Before and 28 days after ao-dake-humi, international prostate symptom score (IPSS), quality-of-life (QoL) score, and overactive bladder symptom score (OABSS) were measured for evaluation of efficacy of ao-dake-humi on LUTS. IPSS storage, voiding, and postvoiding subscores were also assessed [8, 9]. Visual analogue scale (VAS) was used to evaluate the efficacy of ao-dake-humi on constipation (VAS-constipation) and HC (VAS-HC) in the enrolled participants with constipation or HC. VAS for constipation and HC were originally made, and were used to evaluate constipation and HC like pain scale. The line is 10 cm in length on the paper. The left edge of line is zero, and the right edge is maximal as 10 points. Zero means that patients have not any symptoms.

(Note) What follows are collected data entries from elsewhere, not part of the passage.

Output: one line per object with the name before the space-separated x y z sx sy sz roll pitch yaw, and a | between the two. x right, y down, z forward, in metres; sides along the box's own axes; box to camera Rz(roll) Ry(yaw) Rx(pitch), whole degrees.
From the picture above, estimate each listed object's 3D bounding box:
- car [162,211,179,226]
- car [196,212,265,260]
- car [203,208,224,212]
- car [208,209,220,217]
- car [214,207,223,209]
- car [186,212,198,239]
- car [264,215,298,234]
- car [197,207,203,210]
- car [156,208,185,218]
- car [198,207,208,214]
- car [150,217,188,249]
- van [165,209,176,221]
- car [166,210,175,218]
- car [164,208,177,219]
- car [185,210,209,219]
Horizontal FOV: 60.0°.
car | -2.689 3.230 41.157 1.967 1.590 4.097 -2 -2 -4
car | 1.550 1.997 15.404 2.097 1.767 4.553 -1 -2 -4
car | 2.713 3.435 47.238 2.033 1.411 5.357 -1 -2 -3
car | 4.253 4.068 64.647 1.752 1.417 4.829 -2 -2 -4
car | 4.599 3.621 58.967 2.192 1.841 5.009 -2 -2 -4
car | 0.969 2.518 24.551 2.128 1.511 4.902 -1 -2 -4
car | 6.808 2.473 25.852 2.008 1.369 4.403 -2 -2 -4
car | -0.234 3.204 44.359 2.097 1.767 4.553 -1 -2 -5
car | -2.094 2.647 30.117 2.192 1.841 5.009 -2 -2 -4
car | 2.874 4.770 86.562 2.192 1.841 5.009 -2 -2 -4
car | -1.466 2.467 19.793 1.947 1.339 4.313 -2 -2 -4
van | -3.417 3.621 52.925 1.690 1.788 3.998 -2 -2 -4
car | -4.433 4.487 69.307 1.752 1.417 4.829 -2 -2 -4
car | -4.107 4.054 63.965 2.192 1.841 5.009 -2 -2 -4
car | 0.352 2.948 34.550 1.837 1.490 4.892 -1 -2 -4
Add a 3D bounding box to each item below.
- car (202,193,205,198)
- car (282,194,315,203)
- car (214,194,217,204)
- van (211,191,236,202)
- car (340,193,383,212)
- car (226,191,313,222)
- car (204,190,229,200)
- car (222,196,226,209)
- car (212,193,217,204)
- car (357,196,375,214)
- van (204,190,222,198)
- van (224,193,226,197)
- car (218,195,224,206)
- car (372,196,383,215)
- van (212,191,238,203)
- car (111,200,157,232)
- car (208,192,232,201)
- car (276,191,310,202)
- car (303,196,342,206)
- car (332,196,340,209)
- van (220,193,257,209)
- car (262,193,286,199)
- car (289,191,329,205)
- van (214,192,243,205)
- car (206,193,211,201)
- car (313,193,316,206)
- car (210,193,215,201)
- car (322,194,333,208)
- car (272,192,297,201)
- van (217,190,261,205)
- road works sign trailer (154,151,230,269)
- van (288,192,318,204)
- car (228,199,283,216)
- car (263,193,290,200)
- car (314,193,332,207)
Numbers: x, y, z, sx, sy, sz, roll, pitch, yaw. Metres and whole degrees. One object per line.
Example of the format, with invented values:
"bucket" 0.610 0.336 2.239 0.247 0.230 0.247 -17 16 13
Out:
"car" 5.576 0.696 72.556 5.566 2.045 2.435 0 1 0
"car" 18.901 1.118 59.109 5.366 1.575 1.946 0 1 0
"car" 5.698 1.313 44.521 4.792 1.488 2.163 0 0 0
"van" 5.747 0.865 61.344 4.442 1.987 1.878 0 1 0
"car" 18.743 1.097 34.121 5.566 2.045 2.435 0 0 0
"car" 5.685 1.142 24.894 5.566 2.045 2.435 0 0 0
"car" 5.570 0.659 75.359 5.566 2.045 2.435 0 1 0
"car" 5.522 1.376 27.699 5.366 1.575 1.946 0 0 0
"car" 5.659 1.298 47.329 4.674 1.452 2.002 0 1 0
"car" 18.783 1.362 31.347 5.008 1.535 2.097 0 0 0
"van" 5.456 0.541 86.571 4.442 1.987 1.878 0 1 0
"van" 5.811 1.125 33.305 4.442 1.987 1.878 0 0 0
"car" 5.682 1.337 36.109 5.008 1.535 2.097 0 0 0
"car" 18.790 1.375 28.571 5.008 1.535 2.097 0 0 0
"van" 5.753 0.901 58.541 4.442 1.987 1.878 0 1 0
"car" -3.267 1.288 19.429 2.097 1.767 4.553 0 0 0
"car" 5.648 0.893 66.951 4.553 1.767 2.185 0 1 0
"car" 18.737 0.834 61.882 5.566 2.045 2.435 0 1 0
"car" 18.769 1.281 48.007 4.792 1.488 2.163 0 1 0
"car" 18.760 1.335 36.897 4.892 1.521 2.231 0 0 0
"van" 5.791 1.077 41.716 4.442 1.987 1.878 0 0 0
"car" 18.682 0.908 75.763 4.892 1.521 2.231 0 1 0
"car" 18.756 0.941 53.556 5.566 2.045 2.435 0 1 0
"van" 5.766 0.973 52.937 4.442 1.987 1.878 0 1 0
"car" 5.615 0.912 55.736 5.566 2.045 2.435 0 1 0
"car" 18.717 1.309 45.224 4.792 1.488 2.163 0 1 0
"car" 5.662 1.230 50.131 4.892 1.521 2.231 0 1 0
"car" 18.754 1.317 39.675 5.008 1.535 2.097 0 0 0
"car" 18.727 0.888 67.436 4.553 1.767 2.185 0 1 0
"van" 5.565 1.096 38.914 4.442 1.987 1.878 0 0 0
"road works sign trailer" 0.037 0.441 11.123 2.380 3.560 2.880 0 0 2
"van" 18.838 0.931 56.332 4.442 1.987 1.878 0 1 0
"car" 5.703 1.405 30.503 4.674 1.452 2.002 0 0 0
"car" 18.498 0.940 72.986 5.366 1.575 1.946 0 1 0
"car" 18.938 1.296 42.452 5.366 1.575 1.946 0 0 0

And, 10 points means that patients have severe symptoms which patients can imagine maximally. Patients can place a vertical mark on the line to describe the severity of their symptoms intuitively. If the patients have severe symptoms, patients can put on the right part of the line. The length from zero to the point on which patients described the symptoms is treated as severity of symptoms, and the decrease or increase of length are considered as improvement or worsening of symptoms. IPSS, QoL score, OABSS, VAS-constipation, and VAS-HC was presented in Table 1 (written in English).
Table 1

Medical interview sheet to evalutate lower urinary symptoms (LUTS) and visual analogue scale (VAS) to evaluate constipation and hypersensitivity to cold (HC). International prostate symptom score (IPSS), quality of life (QoL) score, and overactive bladder symptom score (OABSS) were used for LUTS. VAS were originally made to evaluate constipation and HC. Zero means that patients have not any symptoms. And, 10 points means that patients have severe symptoms which patients can imagine maximally

To evaluate the objective efficacy of ao-dake-humi on LUTS, a frequency-volume chart (FVC) was used. The FVC on 3 continuous days was recorded in all of the enrolled LUTS participants before and 28 days after starting ao-dake-humi use. The average total voided volume, daytime voided volume, nighttime voided volume, total urinary frequency in a day, daytime urinary frequency, and nighttime urinary frequency were evaluated for each day. The average mean voided volume, maximal voided volume, and minimal voided volume were also evaluated. Nighttime micturition was defined as micturition between 10:00 pm and 6:00 am.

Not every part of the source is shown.